TASK GOAL
Starting with the opening line of the entries below, transcribe each line exactly up to and including the one that has "List each element's"; pictures are not copied.

-----

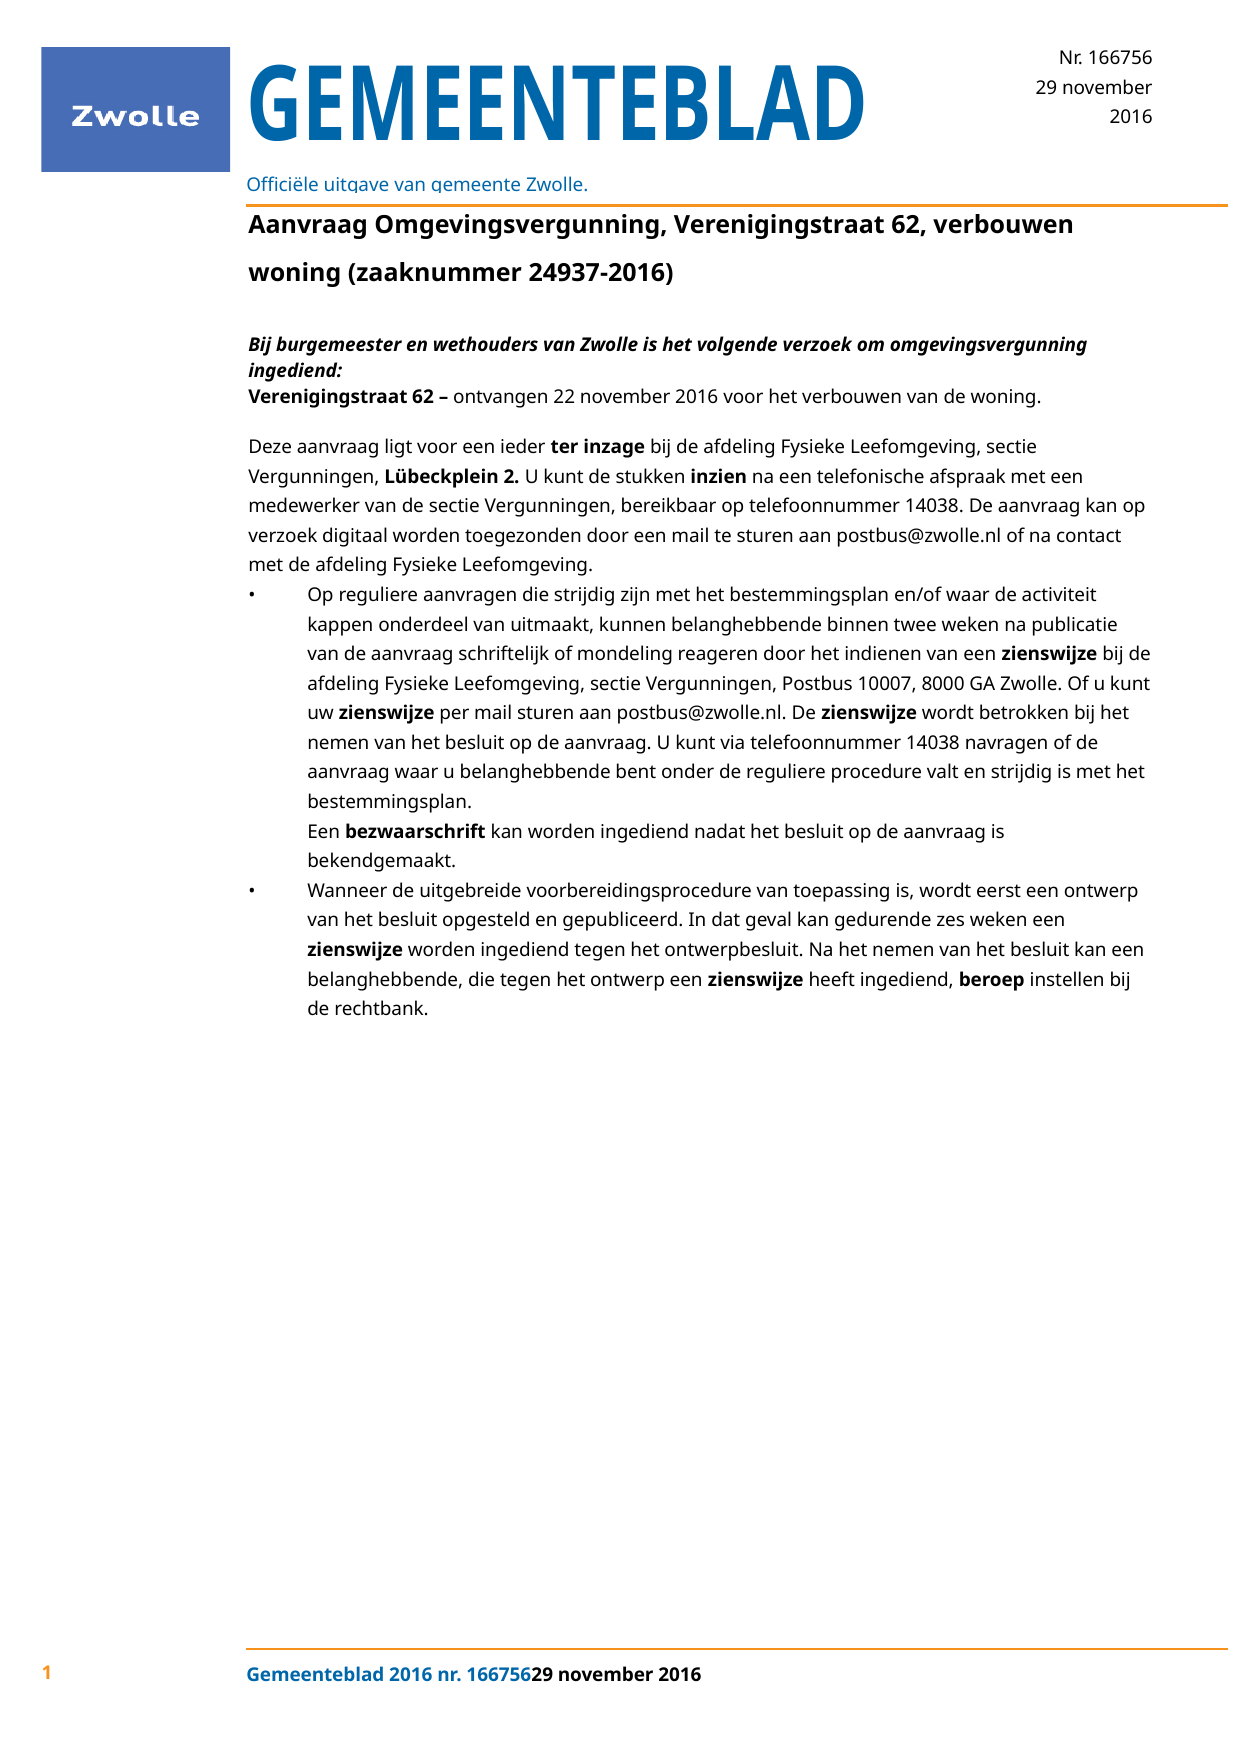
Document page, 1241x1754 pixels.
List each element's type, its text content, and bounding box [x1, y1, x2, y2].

text Deze aanvraag ligt voor een ieder ter inzage bij de afdeling Fysieke Leefomgeving, sectie Vergunningen, Lübeckplein 2. U kunt de stukken inzien na een telefonische afspraak met een medewerker van de sectie Vergunningen, bereikbaar op telefoonnummer 14038. De aanvraag kan op verzoek digitaal worden toegezonden door een mail te sturen aan postbus@zwolle.nl of na contact met de afdeling Fysieke Leefomgeving. [248, 433, 1152, 577]
list Een bezwaarschrift kan worden ingediend nadat het besluit op de aanvraag is bekendgemaakt. [248, 818, 1152, 873]
text Verenigingstraat 62 – ontvangen 22 november 2016 voor het verbouwen van de woning. [248, 383, 1152, 409]
picture [41, 47, 231, 172]
text Bij burgemeester en wethouders van Zwolle is het volgende verzoek om omgevingsvergunning ingediend: [248, 331, 1152, 383]
text Aanvraag Omgevingsvergunning, Verenigingstraat 62, verbouwen woning (zaaknummer 24937-2016) [248, 207, 1152, 288]
list Op reguliere aanvragen die strijdig zijn met het bestemmingsplan en/of waar de activiteit kappen onderdeel van uitmaakt, kunnen belanghebbende binnen twee weken na publicatie van de aanvraag schriftelijk of mondeling reageren door het indienen van een zienswijze bij de afdeling Fysieke Leefomgeving, sectie Vergunningen, Postbus 10007, 8000 GA Zwolle. Of u kunt uw zienswijze per mail sturen aan postbus@zwolle.nl. De zienswijze wordt betrokken bij het nemen van het besluit op de aanvraag. U kunt via telefoonnummer 14038 navragen of de aanvraag waar u belanghebbende bent onder de reguliere procedure valt en strijdig is met het bestemmingsplan. [248, 581, 1152, 814]
list Wanneer de uitgebreide voorbereidingsprocedure van toepassing is, wordt eerst een ontwerp van het besluit opgesteld en gepubliceerd. In dat geval kan gedurende zes weken een zienswijze worden ingediend tegen het ontwerpbesluit. Na het nemen van het besluit kan een belanghebbende, die tegen het ontwerp een zienswijze heeft ingediend, beroep instellen bij de rechtbank. [248, 877, 1152, 1021]

-----

RESULT OF THE EXERCISE
Document page, 1241x1754 pixels.
List each element's type, its text content, and bounding box [x1, y1, x2, y2].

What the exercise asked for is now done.